(Entries taken from a collection)
^^^^^^^^
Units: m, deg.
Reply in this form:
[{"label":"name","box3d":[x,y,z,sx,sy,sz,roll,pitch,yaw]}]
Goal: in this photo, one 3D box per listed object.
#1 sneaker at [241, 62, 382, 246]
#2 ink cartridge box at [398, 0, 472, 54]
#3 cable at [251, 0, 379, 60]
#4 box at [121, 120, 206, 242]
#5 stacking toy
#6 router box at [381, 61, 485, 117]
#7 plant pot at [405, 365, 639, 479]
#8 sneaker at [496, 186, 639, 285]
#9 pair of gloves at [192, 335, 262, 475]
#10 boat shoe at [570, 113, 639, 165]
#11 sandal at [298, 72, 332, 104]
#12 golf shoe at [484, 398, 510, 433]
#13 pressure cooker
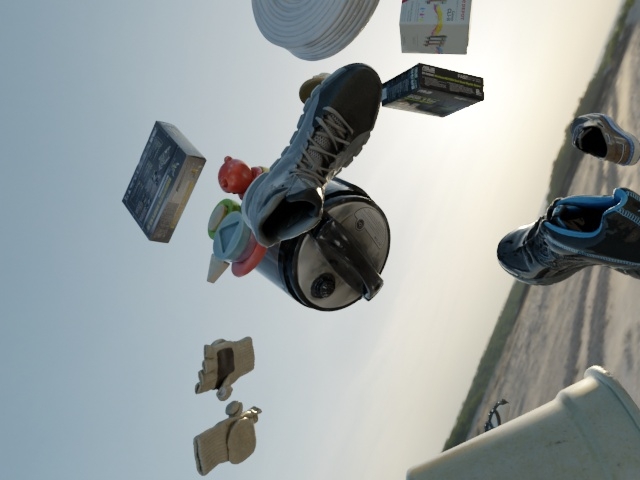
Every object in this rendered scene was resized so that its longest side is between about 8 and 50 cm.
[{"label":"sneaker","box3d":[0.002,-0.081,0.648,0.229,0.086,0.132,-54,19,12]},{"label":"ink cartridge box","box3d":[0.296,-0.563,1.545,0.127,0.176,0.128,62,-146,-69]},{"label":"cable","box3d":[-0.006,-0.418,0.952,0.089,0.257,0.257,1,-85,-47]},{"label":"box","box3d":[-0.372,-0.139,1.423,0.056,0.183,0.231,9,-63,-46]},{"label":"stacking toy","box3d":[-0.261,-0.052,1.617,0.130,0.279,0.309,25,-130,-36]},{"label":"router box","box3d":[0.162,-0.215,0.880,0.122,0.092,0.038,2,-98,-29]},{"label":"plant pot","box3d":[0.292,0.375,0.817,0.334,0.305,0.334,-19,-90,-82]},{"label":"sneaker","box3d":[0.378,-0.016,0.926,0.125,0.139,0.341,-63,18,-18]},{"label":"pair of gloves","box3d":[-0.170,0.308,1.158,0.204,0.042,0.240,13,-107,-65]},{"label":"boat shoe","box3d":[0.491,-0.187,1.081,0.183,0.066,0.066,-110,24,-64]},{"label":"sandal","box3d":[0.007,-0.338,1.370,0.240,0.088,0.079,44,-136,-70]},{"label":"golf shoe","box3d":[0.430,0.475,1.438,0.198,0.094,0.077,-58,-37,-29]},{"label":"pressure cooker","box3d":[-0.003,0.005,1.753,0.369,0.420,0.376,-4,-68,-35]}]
^^^^^^^^
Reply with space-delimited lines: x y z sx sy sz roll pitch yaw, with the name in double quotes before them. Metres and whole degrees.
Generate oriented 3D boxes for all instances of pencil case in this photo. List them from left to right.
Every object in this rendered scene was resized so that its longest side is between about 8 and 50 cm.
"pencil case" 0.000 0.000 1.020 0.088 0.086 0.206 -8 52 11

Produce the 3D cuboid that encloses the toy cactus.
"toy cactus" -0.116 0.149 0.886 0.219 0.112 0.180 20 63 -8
^^^^^^^^
Exercise =
From the data above, return every line from the line that has "Units: m, deg." up to and including the line that has "#3 cable at [251, 0, 379, 60]", exactly.

Output below =
Units: m, deg.
Reply in this form:
[{"label":"name","box3d":[x,y,z,sx,sy,sz,roll,pitch,yaw]}]
Goal: in this photo, one 3D box per listed object.
#1 sneaker at [241, 62, 382, 246]
#2 ink cartridge box at [398, 0, 472, 54]
#3 cable at [251, 0, 379, 60]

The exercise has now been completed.